- Poster
- Directed by: Vijaya Bapineedu
- Produced by: Maganti Ravindranath Chowdary
- Starring: Chiranjeevi Roja Kota Srinivasa Rao Vijayachander Madhavi
- Cinematography: Lok Singh Prasad Babu
- Edited by: Trinath
- Music by: Bappi Lahiri
- Production company: Shyam Prasad Arts
- Distributed by: Geetha Arts
- Release date: 15 June 1995;
- Country: India
- Language: Telugu

= Big Boss (film) =

1995 Indian Telugu-language film

Big Boss is a 1995 Indian Telugu-language film directed by Vijaya Bapineedu. The film stars Chiranjeevi, Roja, Kota Srinivasa Rao and Madhavi in important roles. The film was also dubbed and released in Malayalam under the same title. It was a failure at the box office.

== Plot ==

The movie starts with a young man Surendra (Chiranjeevi) landing in a town for a job. He witnesses rivalry between two mafia gangs at that place. After a fight with a street goon, he is recognized by one gang and encouraged to become a don. He rents a room in Madhavi's house, who lives with her sister Roja and granny (Nirmalamma).
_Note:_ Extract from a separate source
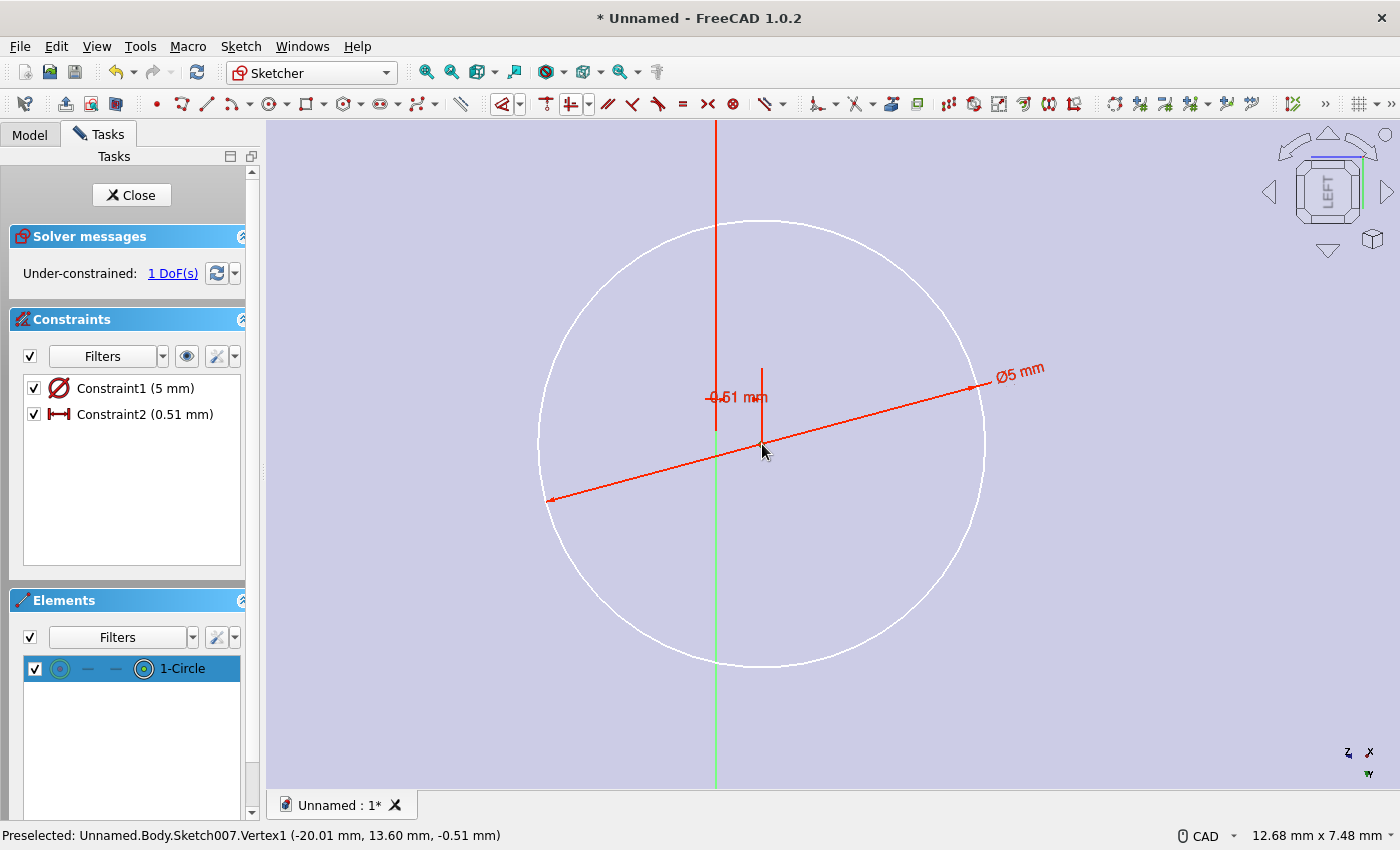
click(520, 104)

After few routine scenes, Roja falls in love with Surendra and expresses her love. But Bavaraju Surendra becomes uncertain about his future, rejects Roja's proposal and starts looking for matches for her. Meanwhile, his mother (Sujatha), younger brother, and sister move to his place and start living with him. His mother worries about his lifestyle and his future. One day, she recognizes Kota Srinivasa Rao, the rival gang leader as the destroyer of her family. Surendra's family is kidnapped by Kota and how Surendra rescues them forms the climax of this movie.

== Cast ==
- Chiranjeevi as Bavarala Surendra / Boss
- Roja as Roja (Voice Dubbed by Roja Ramani)
- Kota Srinivasa Rao as Varadarajulu
- Vijayachander as Akkineedu
- Madhavi
- Ali
- Nirmalamma as Roja's grandmother
- Anjali Devi
- Jyothi Lakshmi
- Allu Rama Lingaiah as Kukkalakunta Subbarao
- Babu Mohan
- Narra Venkateswara Rao
- P. J. Sharma
- Vinod
- Mithai Chitti
- Sujatha as Surendra's mother
- Tanikella Bharani as SI Yadagiri
- J. V. Somayajulu
- Nutan Prasad
- Easwar Rao
- Rajeev Kanakala

== Soundtrack ==
Music by Bappi Lahiri.
1. "Mava Mava": S. P. Balasubrahmanyam, K. S. Chitra
2. "Koosethesinnade": S. P. Balasubrahmanyam, Renuka
3. "Uromochesindoy": S. P. Balasubrahmanyam, K. S. Chitra
4. "Nee Lanti Revulona": S. P. Balasubrahmanyam, K. S. Chitra
5. "Number 1 Number 2": S. P. Balasubrahmanyam
6. "Sudiki Daram": Mano, K. S. Chitra

== Reception ==
Big Boss, the sixth collaboration of the director Vijaya Bapineedu with Chiranjeevi, was a box-office failure.